The US surface faced none of these at launch; the European surface faces all three at once

PSD3 / PSRPayments mandate
Account access is a licensed activity (AISP/PISP). PSR directly applicable across 27 states. Mandatory API quality, screen-scraping eliminated, IBAN-name checks, expanded fraud liability.
FIDAData mandate
Extends mandated access to investments, pensions, insurance, mortgages, loans under a new FISP license. Standardized APIs + consent dashboards. A contested data-access fee may make aggregation cost money.
EU AI ActAI mandate
Credit scoring + creditworthiness = high-risk (Annex III). Conformity assessment, documentation, human oversight. Supervised by financial regulators (BaFin, CSSF). Fines up to 7% of global turnover.

A finance surface in Europe must be licensed for payment-data access (or partner with someone who is), prepare for a FISP license to aggregate the full financial picture, and classify itself under the AI Act — where the most commercially attractive features (“what loan can I get?”) sit closest to the high-risk line. The AI that is “just a chatbot” in the US is, in Europe, a regulated system whose classification depends on exactly how useful it tries to be.

FIG. 03 — THE STAGGERED TIMELINE · A MOVING REGULATORY TARGET

The mandate is not one event but a sequence — and the staggering is a filter

The firms that win architect for the end-state mandate, not the current one

Aug 2025

EU AI Act · GPAI obligations live · the frontier models that power a finance surface already carry systemic-risk obligations

Live

Nov 27 2025

PSD3/PSR provisional agreement · Parliament and Council reach political agreement; final texts expected in the Official Journal in 2026

Agreed

Aug 2 2026

EU AI Act · high-risk obligations land · credit-scoring / creditworthiness Annex III duties apply (subject to Digital Omnibus)

Operative

2027

PSD3/PSR core obligations · directly-applicable conduct rules land across the year after the transition

Landing

~2029-2030

FIDA operational · the full-picture data mandate and FISP license arrive, in staggered sector-by-sector “waves”

Forming

Building for PSD3 today while FIDA and the AI Act high-risk regime are still settling means building for a target that is still moving — which favors firms with the regulatory-intelligence capacity to track it and the patience to build for 2030 rather than ship for 2026. The staggered timeline is itself a filter: it selects for regulatory endurance over launch speed.

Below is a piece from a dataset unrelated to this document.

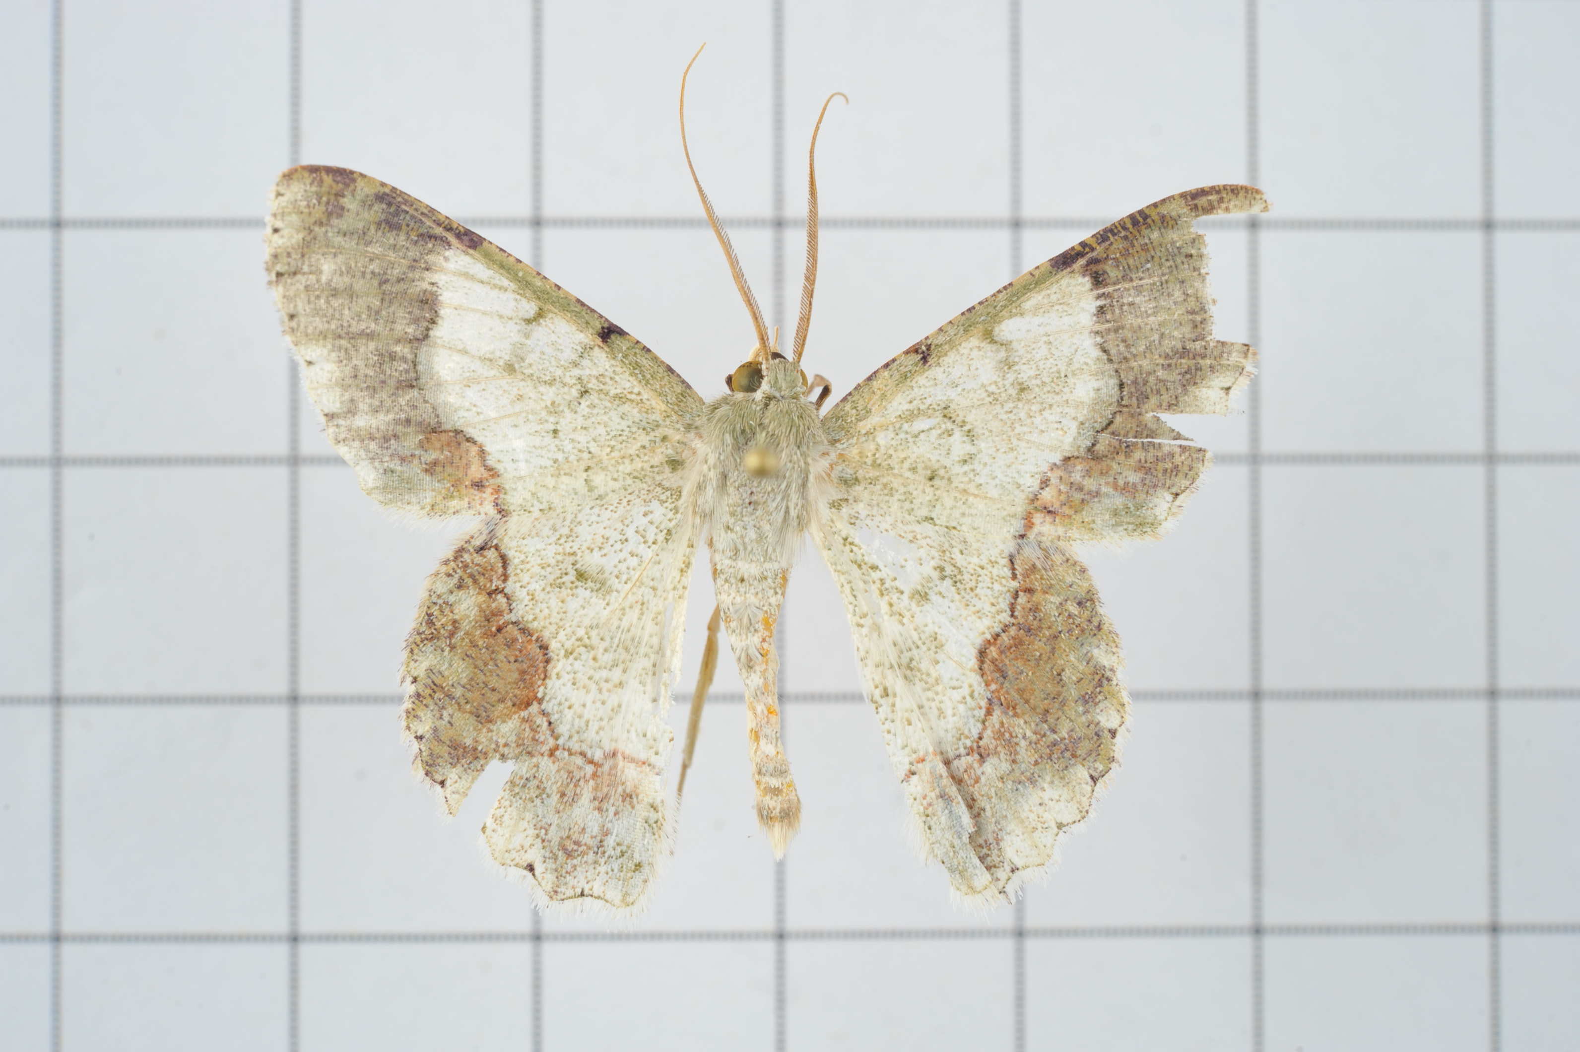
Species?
Pingasa ruginaria pacifica

FIG. 04 — THE CONSENT ARCHITECTURE · WHAT REPLACES THE “CONNECT” BUTTON

The single most optimized moment of the US product is the single most regulated moment of the European one

The European surface cannot inherit the US onboarding · it must build a different, regulated core

The US default — collect broadly, use later — is the European violation. The consent dashboard, the granular permission model, the revocation flows, the purpose-binding, the audit trail are not features bolted onto the conversational experience; they are the regulated core that the experience sits on top of. The European surface is, by regulation, higher-friction at exactly the moment the US surface optimized for frictionlessness.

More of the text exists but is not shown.